We offer our conversation cafe during continuous provision time twice daily, serving healthy food such as cereal, fruit, cheese, crackers and vegetables.

There are clear rules for the conversation cafe, too: no lone diners and lots of chat. We encourage children to invite a friend or sit with a group for their snack. This often leads to both familiar and unfamiliar friendship groups sharing conversations.

Some children aren’t necessarily confident in sparking up a chat out of thin air, so at the conversation cafe we provide optional conversation prompts, sentence starters, images and props to ignite pupils’ connections with each other.

These often link to our current topic, our local environment, recent festivals and celebrations, or what the weather is like that day.

Our favourite prompt is an unopened box and a question mark, which is enough to spark predictions, reasoning and curiosity. Children love to discuss what could possibly be inside the box, and its size, suitability and relevance.

How to host a conversation cafe

We make sure that staff are at the conversation cafe to provide support through high-quality modelling. This encourages children to become comfortable using a rich range of vocabulary and language structures.

We’ve now noticed that pupils have started to lead the conversation cafe themselves. They’ll often even bring in things from home to talk about, blending the traditional ‘show and tell’ with chat and oracy development.

This places ownership of the conversation with the children. They often relish the opportunity to host the chat, comparing opinions, likes and dislikes with one another.

All this happens during snack time, with low stakes and an infinite ceiling of language, vocabulary and confidence-boosting chat; it’s a joy to see.

The opportunities for talk really are endless, but I would recommend that you have staff on hand to support oracy skills.
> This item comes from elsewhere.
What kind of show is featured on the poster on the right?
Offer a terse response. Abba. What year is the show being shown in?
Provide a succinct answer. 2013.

This has been particularly useful with our EAL children. Staff can subtly model vocabulary, dialogue and listening skills, and help pupils whose first language isn’t English to feel more confident.
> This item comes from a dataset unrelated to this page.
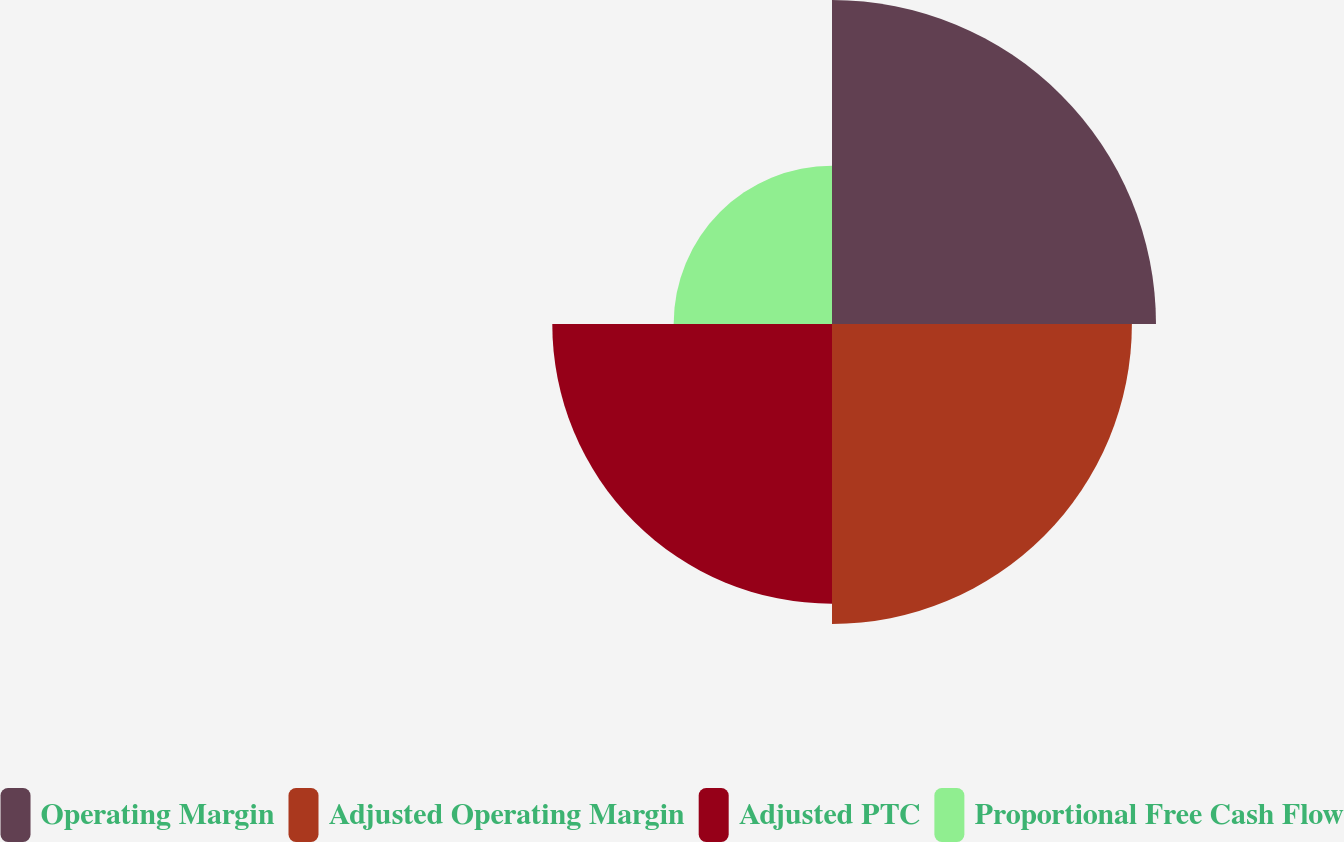<chart> <loc_0><loc_0><loc_500><loc_500><pie_chart><fcel>Operating Margin<fcel>Adjusted Operating Margin<fcel>Adjusted PTC<fcel>Proportional Free Cash Flow<nl><fcel>30.51%<fcel>28.24%<fcel>26.34%<fcel>14.91%<nl></chart>

Most of the time children lead their own conversations with debate, opinion, empathy and understanding. However, staff join in here and there to challenge children’s opinions and encourage them to reason and justify their thoughts. They also nurture back-and-forth interactions, turn-taking, active listening and understanding non-verbal cues.

Easy intervention

Communication and language interventions are often laborious in nature and time. However, our conversation cafe is actually jam-packed with learning outcomes and oracy development without feeling like an intervention at all.

We have seen a significant increase in communication and language skills since we launched the conversation cafe. We’re really proud of our confident, chatty children.

Life in Reception is busy, and there is always something to do, but stopping for a chat might just be the most valuable tool in our teaching kits.

Sarah Wilcox is Early Years lead at Linaker Primary in Southport.